| WORK REQUIRED |
When a line in the listing contains the string "Click", pick it out and copy it.

--- DATA SUPPLIED Enclosed Below ---

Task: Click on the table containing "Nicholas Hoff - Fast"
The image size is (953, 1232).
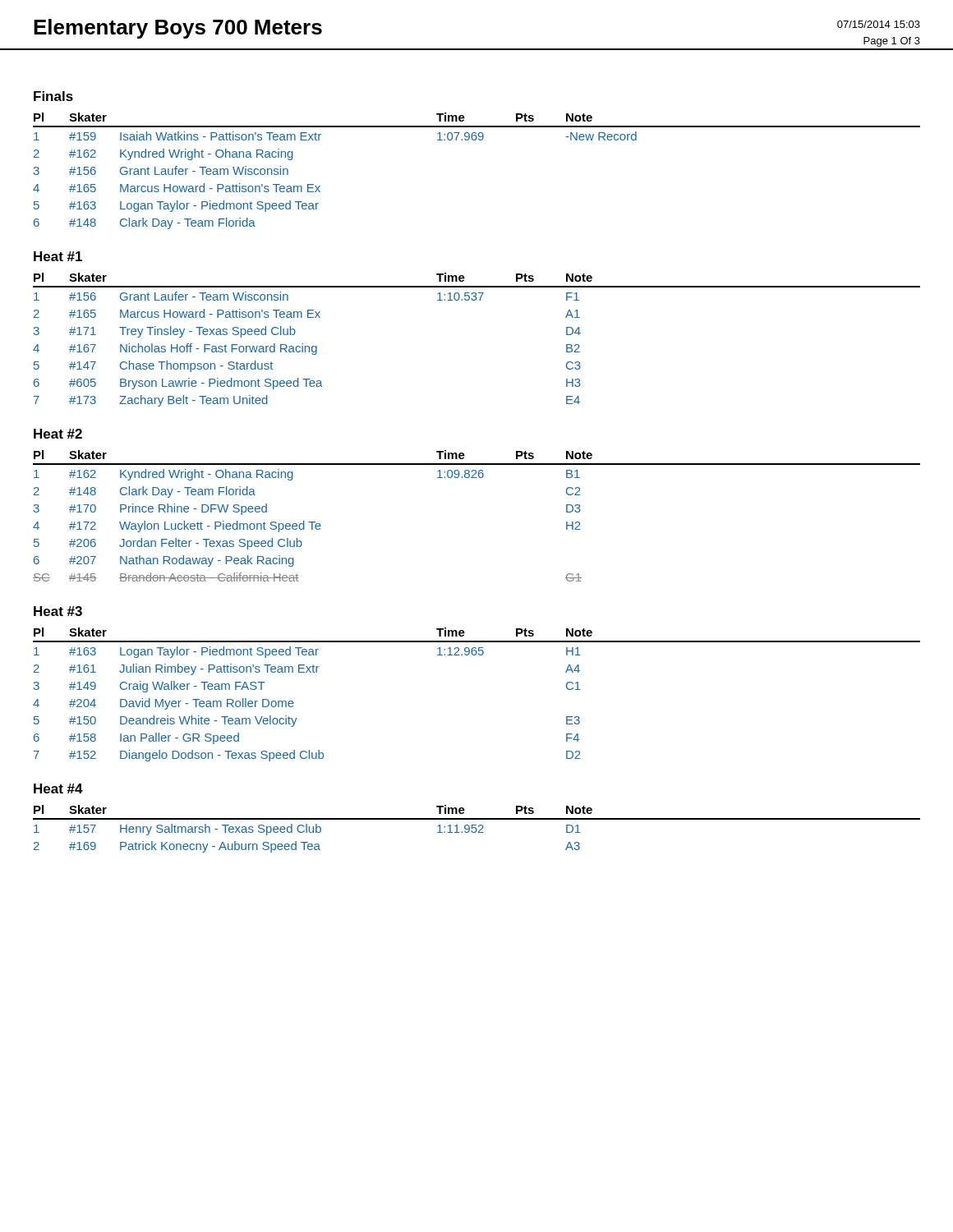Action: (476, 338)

--- End of Enclosed DATA SUPPLIED ---
--- DATA SUPPLIED Enclosed Below ---

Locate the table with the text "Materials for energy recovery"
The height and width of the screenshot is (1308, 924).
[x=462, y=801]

--- End of Enclosed DATA SUPPLIED ---
--- DATA SUPPLIED Enclosed Below ---

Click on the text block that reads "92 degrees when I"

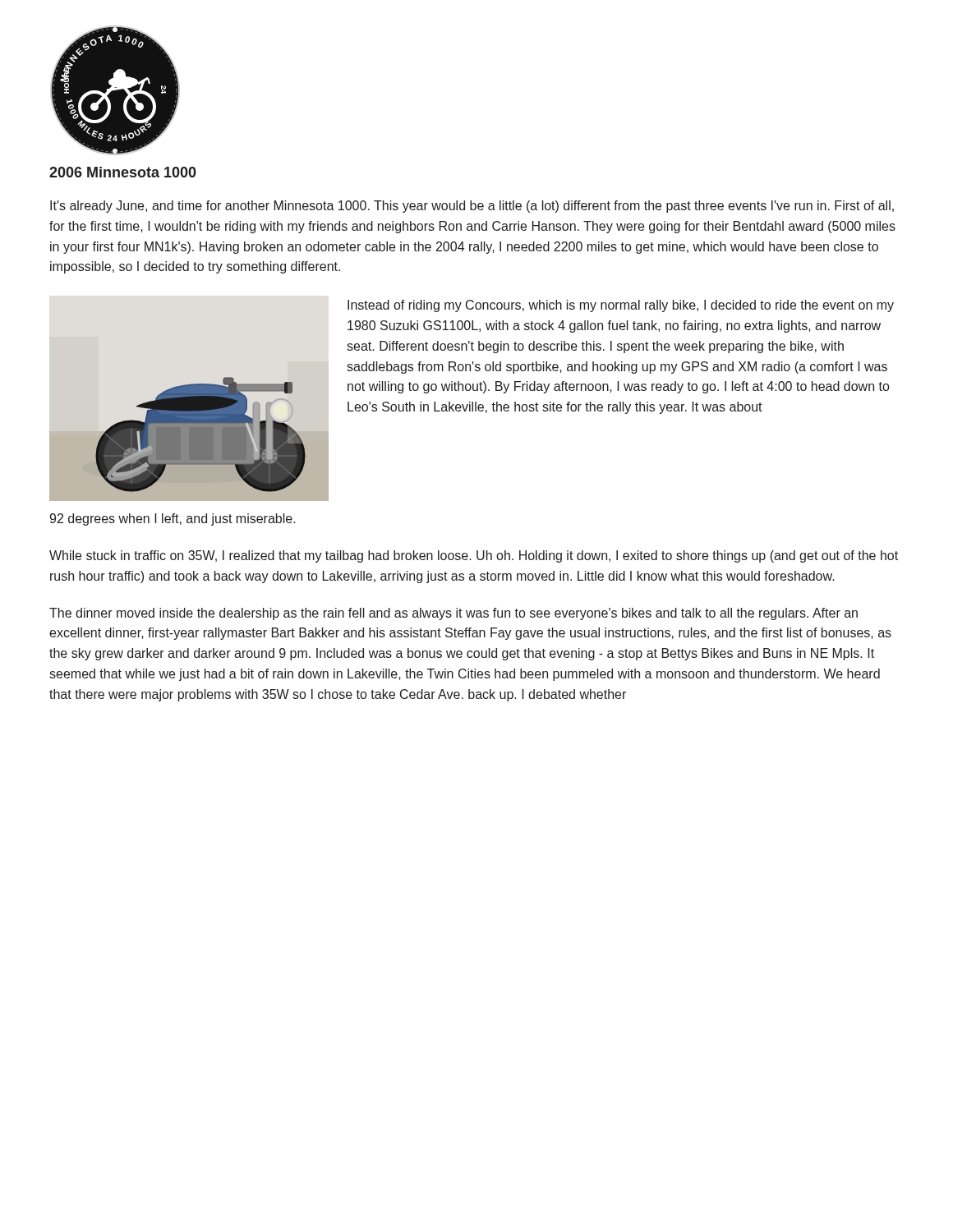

--- End of Enclosed DATA SUPPLIED ---

| ANSWER TO THIS TASK |
Task: Click on the table containing "Nicholas Hoff - Fast"
Click on the text block that reads "92 degrees when I"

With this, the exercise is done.